Jules: She’s hearing, right?

Brian: She is not hearing—she is deaf herself—but she is really great at lip reading, and she can speak. It’s very easy for a hearing person to communicate directly with her in person, as well.

So, she said that she remembered when she was young that a hearing uncle came to her house. And her mother, who was deaf, wanted to tell him a very long family story, and they sat at the kitchen table all afternoon, and the mother wrote and wrote and wrote all afternoon. In a way, that gave me a kind of psychic permission to keep the end of the book the way I wanted it to be. But it was a really scary moment, because if I hadn’t gotten that email, I might have had to keep it anyway, but I would have felt much worse not knowing — or being afraid that it might not come off as realistic.
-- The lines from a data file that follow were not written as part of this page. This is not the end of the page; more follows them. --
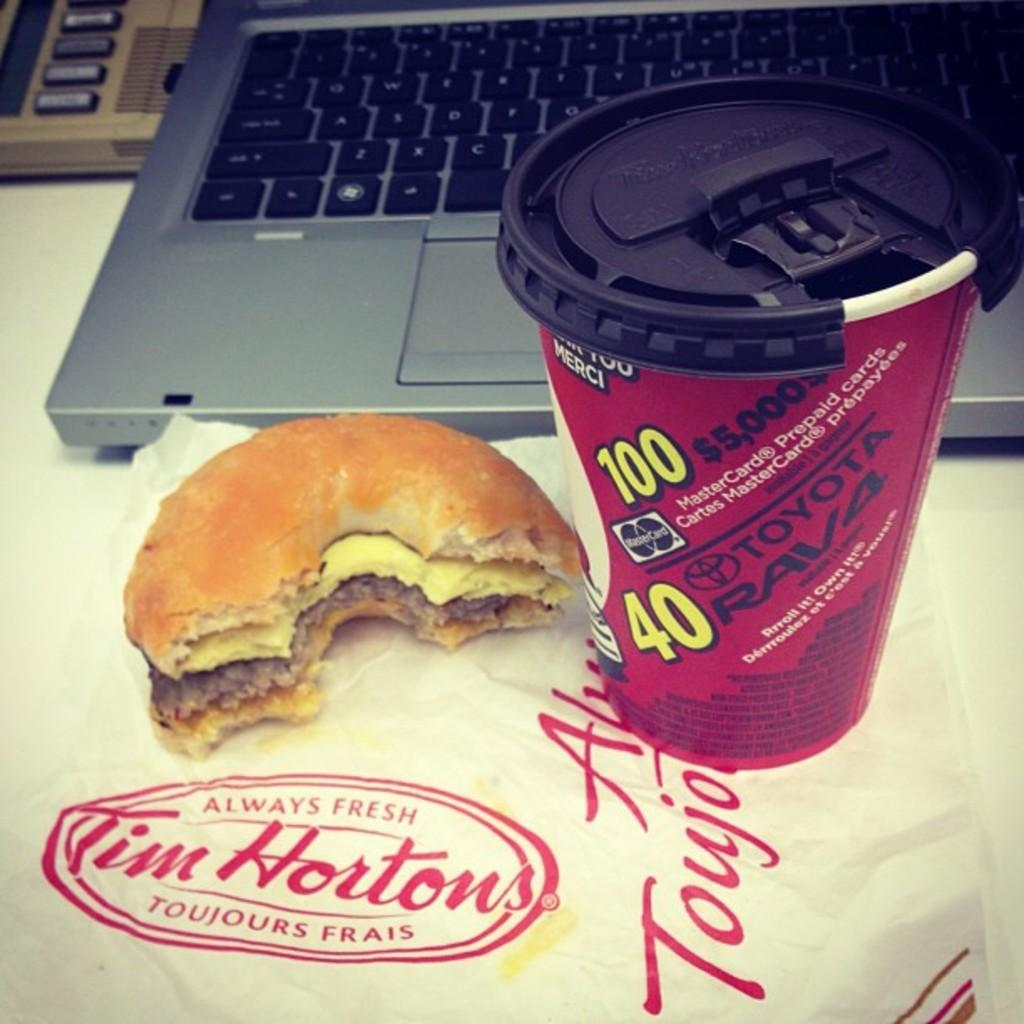What electronic device is visible in the image? There is a laptop in the image. What else can be seen in the image besides the laptop? There are food items, a glass, and posters with text visible in the image. Can you describe the posters with text in the image? The posters with text are in the image, but their content is not discernible. What object is located in the top left corner of the image? There is an object in the top left corner of the image, but its identity cannot be determined from the provided facts. What type of chicken is being cooked in the image? There is no chicken present in the image; it only contains food items, but their specific types are not discernible. 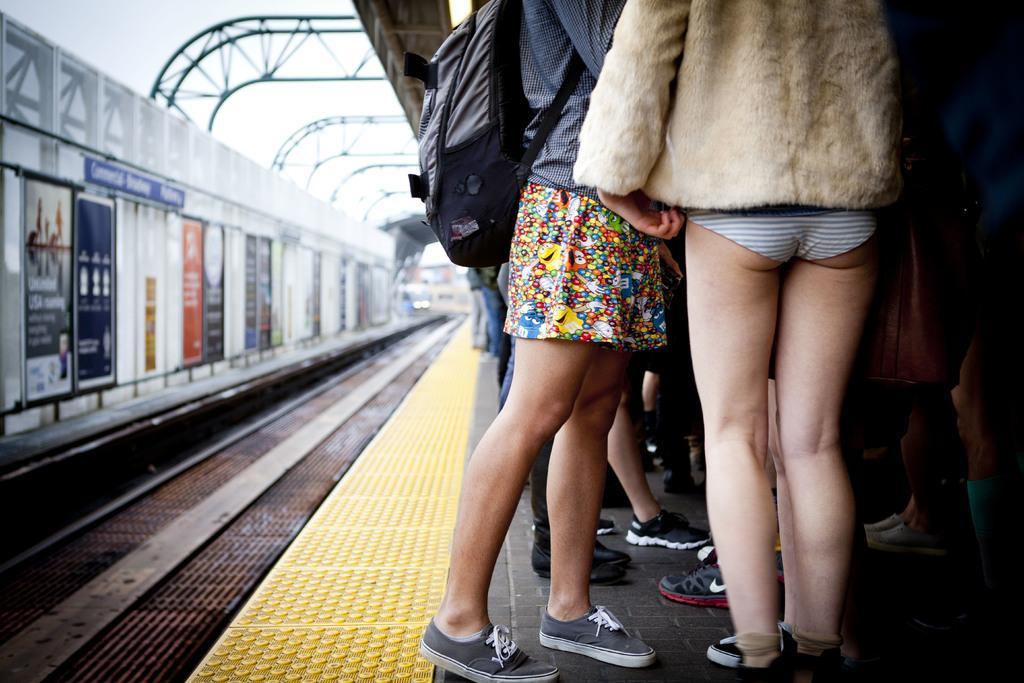Please provide a concise description of this image. On the right there is a woman who is wearing brown color jacket, short and shoe. Beside her we can see another woman who is wearing top, short, shoe and bag. In the background we can see many people standing on the platform. On the bottom left corner we can see railway track. On the left we can see many advertisement boards on the steel wall. In the background we can see train and buildings. Here it's a sky. 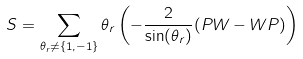<formula> <loc_0><loc_0><loc_500><loc_500>S = \sum _ { \theta _ { r } \neq \{ 1 , - 1 \} } \theta _ { r } \left ( - \frac { 2 } { \sin ( \theta _ { r } ) } ( P W - W P ) \right )</formula>

And, of course, there are lots of other people who might read it and have had different experiences and feel like something is realistic that Carol doesn’t [feel is realistic] or vice versa. It’s not like any one person speaks for the entire community, but it was really helpful to know that for Carol, who had been a really helpful voice in this project, it was something that rang as true.

Jules: I think it’s well-handled, given the fact that, like you just said, there is not one person that speaks for everyone and the fact that your brother grew up deaf in one ear and totally felt part of the hearing community, and then you have your boyfriend’s friend, who in the same boat, who felt a part of the Deaf community. So, it all comes down to the individual.

I’m curious: Given all the research, how many years total did you work on this book?

Brian: I worked on it for about three years, but there were some elements of the book that started a long time before that. A friend of mine worked at the Museum of Natural History back in the early 1990s, and he brought me to the museum to go backstage and to see the workshops where he makes the displays and paints. And it was back then that I thought it would be interesting to set a story behind the scenes at the Museum of Natural History. So, there are elements that, you know, go back much, much further, including Remy Charlip’s Handtalk, to when I was a kid.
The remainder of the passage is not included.